Zindanlarını Yusuf’lar için hazırlıyorlar, orası doğru ama kuyu dibinde kurbağaya çevirmek istedikleri, hepimiz. Dışarıdakiler için çok daha şeytanî bir planları var üstelik. İçeridekiler başlarını kaldırınca kuyunun ağzındaki daracık dörtgen gökyüzünü görecekler, dışarıdakiler ise kuyu tiplerindeki kendi olası geleceklerini!
Velhâsıl…
Bugün Serkan Onur Yılmaz, 365 gündür, yani güneş takviminin 1 tam yılıdır Bolu F Tipi’ndeki günlerini aç geçiriyor. Gönüllü açlığının hedefi kuyu tiplerine karşı durmak. Bu yazının önceki kısmında, yalnızca o ve yoldaşları için değil hepimiz için hazırlandığına, üstelik mimarisinin yalnızca içerinin değil dışarının da gayya kuyuları olduğuna sizleri ikna etmeye çalıştığım Kuyu Tipi Cezaevleri’ne karşı bir set, bir direniş hattı oluşturmak.

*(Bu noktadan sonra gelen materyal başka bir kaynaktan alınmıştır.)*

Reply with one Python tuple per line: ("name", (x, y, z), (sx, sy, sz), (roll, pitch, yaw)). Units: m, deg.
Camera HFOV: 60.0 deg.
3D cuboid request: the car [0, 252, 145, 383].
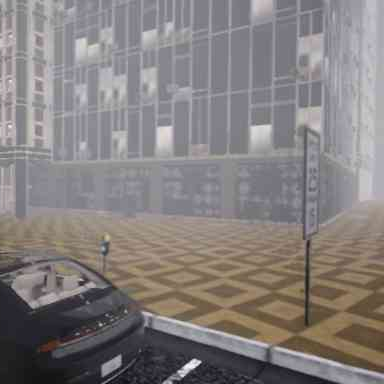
("car", (-2.646, 1.528, 4.582), (4.403, 1.369, 2.008), (0, 1, 33))
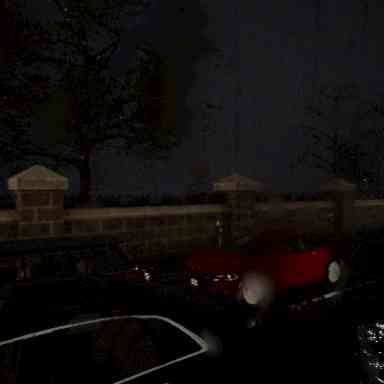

Sosyal ağda yazdıklarımı burada tekrarlamak istiyorum çünkü “velhâsıl” diye yazacağım her şeyi orada yazmıştım ve bu kadar yalın ve yakıcı bir sorunun gündemini sözle değil eylemle doldurmak gerektiği açık:
Bizi bugünkü karanlığa mahkûm eden olayların belki en önemlisi F Tiplerini uygulamak için yapılan 19 Aralık 2000 katliamıydı. Yeni ve daha vahşi “ceza” uygulamaları her zaman daha berbat bir ülke demektir. Serkan Onur Yılmaz’ın Kuyu Tipi’ne karşı direnişi tam 1 yıl önce başladı. Kuyu Tipi adımının sahte barış iklimi altında atılması, şimdilik “en marjinallerin” konması kimseyi yanıltmasın, siyasi çekişmeler dikkat dağıtmasın. Kuyu Tipleri -bugün düzen gazetecilerinin, CHP’lilerin bile atıldığı F Tipleri gibi- mevcut sisteme biat etmeyen herkese yapıldı. Kuyu Tipi hapishanelere karşı yapılan direnişe destek vermek, herhangi bir siyasete destek vermek değil, kendi geleceğine destek vermek demek. Tıpkı Grup Yorum sansürüne karşı çıkmanın bir siyasete destek vermek demek olmadığı, sanatın özgürlüğüne taraf olmak demek olduğu gibi. Egemenlerin ellerini ovuşturarak izlediği ve muhtemelen de türlü yöntemlerle teşvik ettiği sol içi çelişkilerin bu dönemde artması tesadüf değil. Bu rüzgâra kapılmak, yeni yenilgilere kapı açmak demek.
Yenilgilerse, kuyu dibine hapsedilmiş bir memleket derinliğinde olacak.